A small-scale outdoor plant growth chamber with modulated enhancement of solar UV-B radiation.

Abstract

An outdoor, solar illuminated growth chamber with modulated UV-B enhancement, is described and its performance characterized. The chamber was clad with Teflon film that transmitted both UV-A and UV-B with little absorption and whose transmission did not change significantly over 1 yr. An array of UV-B emitting fluorescent tubes with cellulose diacetate filters provided additional UV-B radiation inside the chamber with little additional UV-A, while a similar chamber with unenergized tubes provided an ambient control. Ambient and enhanced UV-B levels were measured using a pair of integrating broad band radiometers, and it was found that frequency modulation allowed control of lamp intensity over a range in excess of 100:1. Within the UV-B chamber, enhanced levels of integrated UV-B could be maintained at a constant ratio over ambient throughout the day.
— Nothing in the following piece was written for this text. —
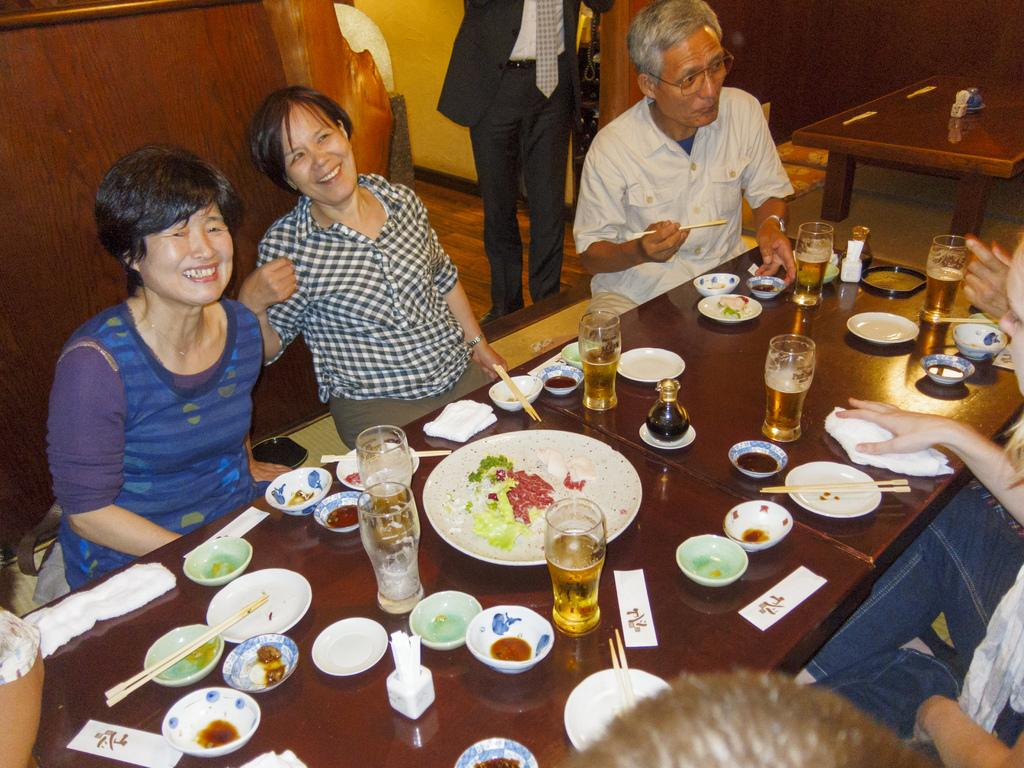How many people are in the group that is visible in the image? There is a group of people in the image, but the exact number is not specified. What are the people in the group doing? The people in the group are sitting and having their meal. What type of beverage is present on the table? There are glasses of beer on the table. What type of utensils are visible on the table? Chopsticks are visible on the table. What other items can be seen on the table? There are plates and bowls on the table. Is there anyone standing in the image? Yes, there is a man standing behind the group of people. What type of protest is taking place in the image? There is no protest present in the image; it shows a group of people having a meal. What type of school is depicted in the image? There is no school present in the image; it shows a group of people having a meal.

However, it was not sufficient simply to maintain a constant ratio of radiometer output voltages: the angular responses of the two radiometers had to be well matched. The shape of the UV-B portion of the enhanced spectrum closely followed that expected under ozone depleted skies, while the enhancement of UV-A was insignificant. The spectral profile obtained in the UV-B depended on the thickness of the cellulose diacetate filters used to block short wavelength UV radiation emitted by the fluorescent tubes. The number (thickness) of cellulose diacetate filters required to achieve this match varied with season. Although the filters did degrade with exposure to UV-B it was not necessary to replace them for several months. This was due to: (i) low rate of filter degradation because the lamps were rarely required to be run at full brilliance except at midsummer midday; and (ii) increased tube intensity compensated for reduced filter transmission.